As the climb across the bridge turned into a descent he turned his gaze onto the city that lay ahead. Beginning at a broad promenade that paralleled the river just above the waterline, the buildings rose in broken columns and spirals, their ascent of the irregular slopes interrupted by little squares and plazas and by cobblestone streets and alleyways that opened momentarily to his view before bending out of sight. Many of the rooftops were surmounted by terraces and roof gardens, though little grew there this early in the season. Above, in the background, loomed the stark, unweathervaned spire of a clock-tower, its lower stories concealed by the intervening buildings. Beyond that, groves of first sumac and maple and then tulip and sycamore shaded the higher ground; here and there, through the branches of the uppermost trees, he could see glimpses of what seemed to be open parkland at the crest of the hill.

In the river just offshore a fishing boat, its little skiff in tow, was slowly closing a seine around a school of silver herring that had come upriver to spawn. The fish, forced into an ever tighter pocket, leaped and thrashed at the surface, a lucky few springing over the edges of the net to freedom. Gulls circled and dove at those that remained encircled; the crew of the boat waved them off, half-heartedly, to scant effect. In a few moments the noose had been set and the dripping haul winched up. Trapped by each other's bodies, the herring were now still. The crew swung the seine into the stern, fussed with the tackle and rigging for a few moments, then released the catch into the hold.

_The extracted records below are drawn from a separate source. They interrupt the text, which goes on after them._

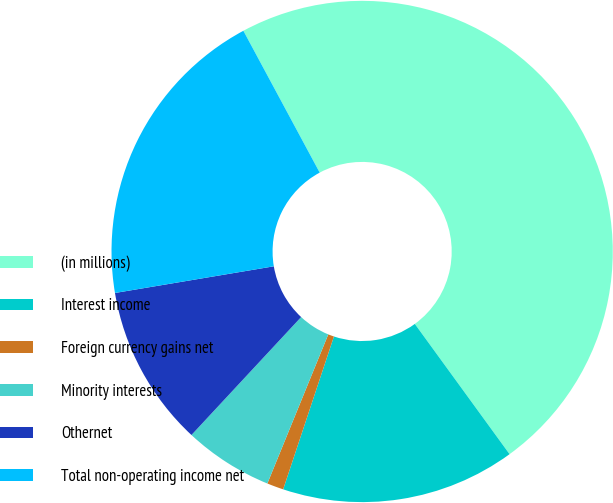<chart> <loc_0><loc_0><loc_500><loc_500><pie_chart><fcel>(in millions)<fcel>Interest income<fcel>Foreign currency gains net<fcel>Minority interests<fcel>Othernet<fcel>Total non-operating income net<nl><fcel>47.85%<fcel>15.11%<fcel>1.07%<fcel>5.75%<fcel>10.43%<fcel>19.79%<nl></chart> 
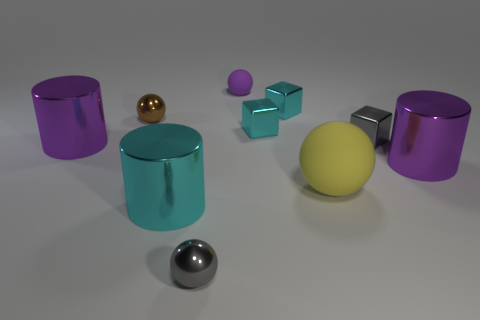Subtract all cyan cylinders. How many cylinders are left? 2 Subtract all gray metallic spheres. How many spheres are left? 3 Subtract 2 blocks. How many blocks are left? 1 Subtract all cyan spheres. Subtract all yellow cubes. How many spheres are left? 4 Subtract all purple balls. How many yellow cylinders are left? 0 Subtract all yellow rubber objects. Subtract all tiny brown balls. How many objects are left? 8 Add 6 tiny gray cubes. How many tiny gray cubes are left? 7 Add 9 brown metal objects. How many brown metal objects exist? 10 Subtract 1 purple cylinders. How many objects are left? 9 Subtract all balls. How many objects are left? 6 
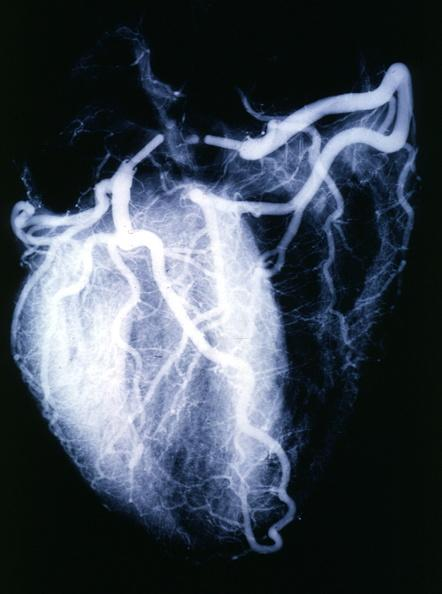s atrophy present?
Answer the question using a single word or phrase. No 
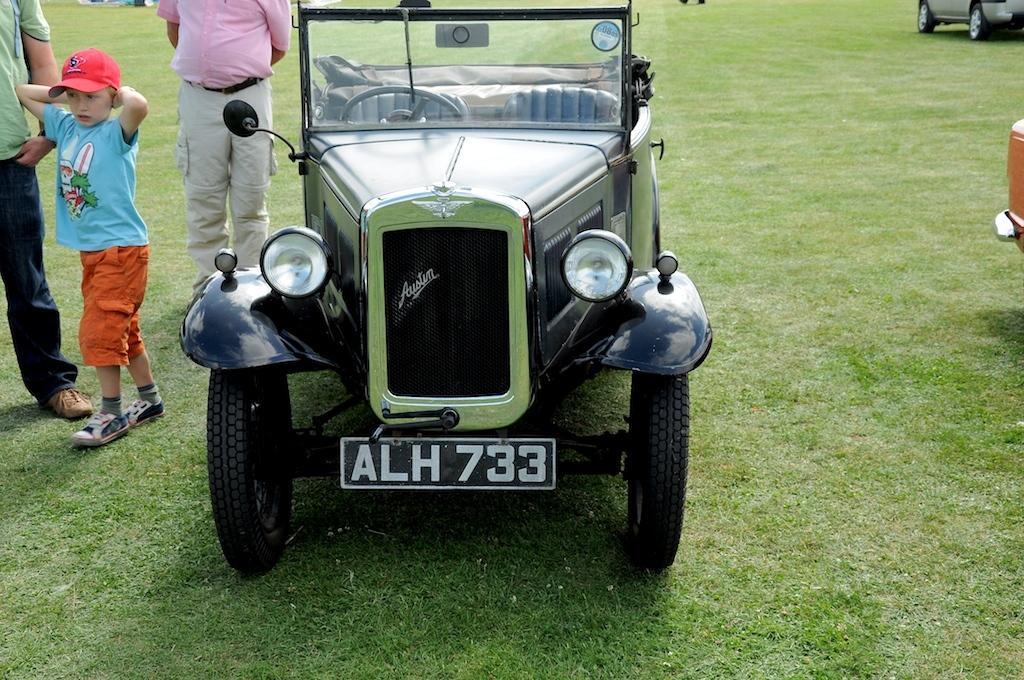Please provide a concise description of this image. In this image I can see an open grass ground and on it I can see three vehicles. On the left side of this image I can see a boy and two men are standing. I can also see the boy is wearing a red cap and on the bottom side I can see something is written on the vehicle.

The span of the bridge soared inland well past the shore, until it converged with the hillside. The road ahead passed through a stark gash cut in the exposed rock of the ridge, but his course lay elsewhere; he veered to the left side, to the opening of a ramp that cloverleafed steeply down to the city. There was no pedestrian lane here, but no traffic either; clumps of grass and a few spindly seedling maples poked through the cracks in the pavement. When he reached ground level he stood for a moment in the shadow of the bridge, Above him, swallows were swooping in and out, butressing their nests with mud and straw, and paid him little mind.

The city's great wrought iron gates were open and unattended. In front of him stretched the promenade he had seen from the bridge; at this end there was little activity, just a few pedestrians and one handcart whose contents were hidden beneath a tarp. The man conducting it paused in his labors just long enough to nod and say good morning. He removed his cap, not out of courtesy but rather to mop his brow, and then resumed his course.

The fishing boat had moved upstream and a little further in the offing. It had dispatched its tender, which was occupied by a lone figure who controlled the end of the seine. Slowly the larger boat played out the line and the skiff moved off, describing a broad slow circle in the water.